For years I have been banging on about the fact that support for today's railway is a multiple of what British Rail cost at the peak of the last economic cycle. While this is now widely quoted in the media, it has been resolutely rubbished by the railway establishment.

Althgpugh the cold numbers are unambiguous, the refutation goes (variously) that I am not comparing like with like, that we are catching up with decades or under-investment, that the railway is carrying a lot more traffic, or, if all else fails, we are where we are so shut up.

But, and here's the floating body, on the first page of the executive summary of the Railways White Paper it says, ‘It is right that subsidy levels should now start to return closer to the historic norm'.

Trying not to gloat, I asked DfT Rail's ever helpful press office if they could get me a definition of the ‘historic norm'. I'm still waiting.

Obviously it has to be a similar period of economic growth and railway investment.
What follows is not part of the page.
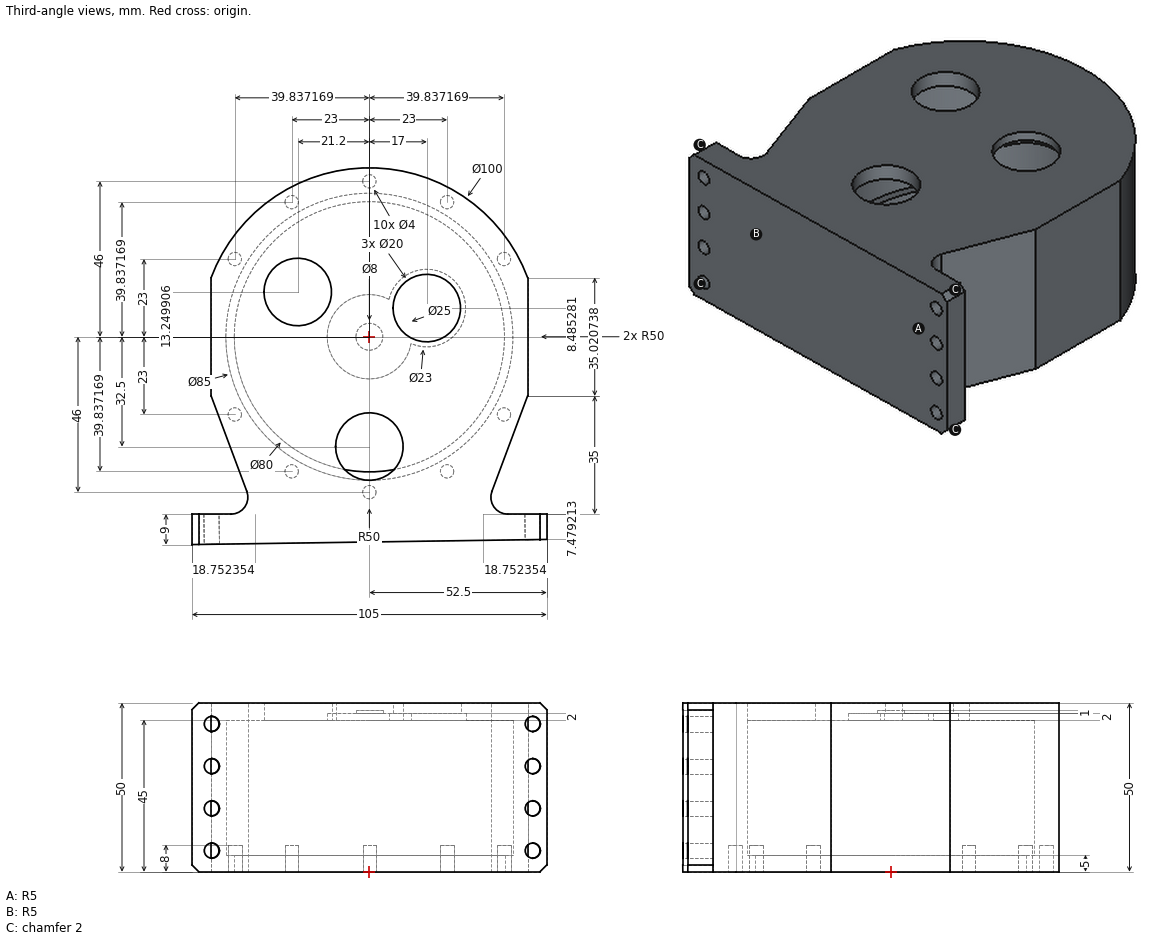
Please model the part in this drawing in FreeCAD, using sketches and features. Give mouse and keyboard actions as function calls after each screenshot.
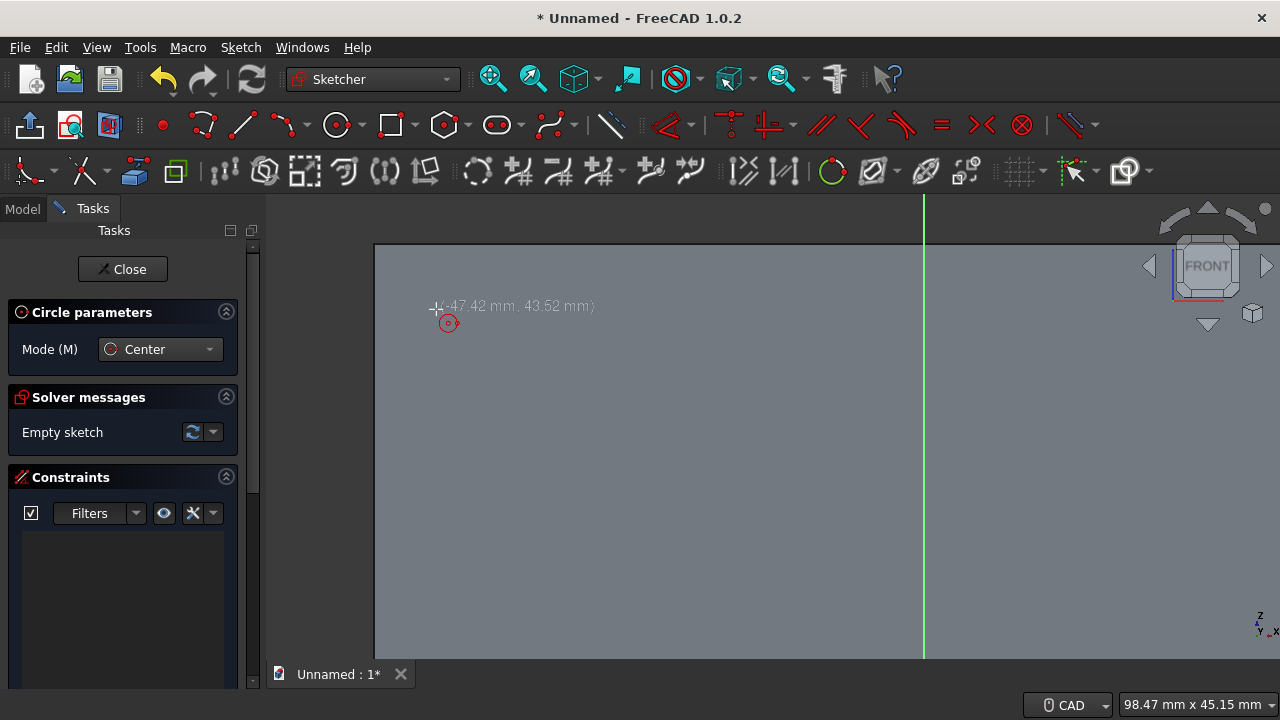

So how about 1982-1991 the last complete economic cycle?

At current prices British Rail's average subsidy over this period was £1.78 billion a year – say half the annual supporting the Statement of Funds Available(SoFA)

On the other hand, perhaps the norm should be a period of similar sustained economic growth with ridership rising at similar rates. So a ‘short' norm could be the three years 1988-91 when the annual subsidy was £1.14 billion in modern money – making today's figures three times the historic norm.

Asking ministers for their definition of the historic norm could be as much fun as teasing dear old Roger Freeman about the number of days since the last train order was published.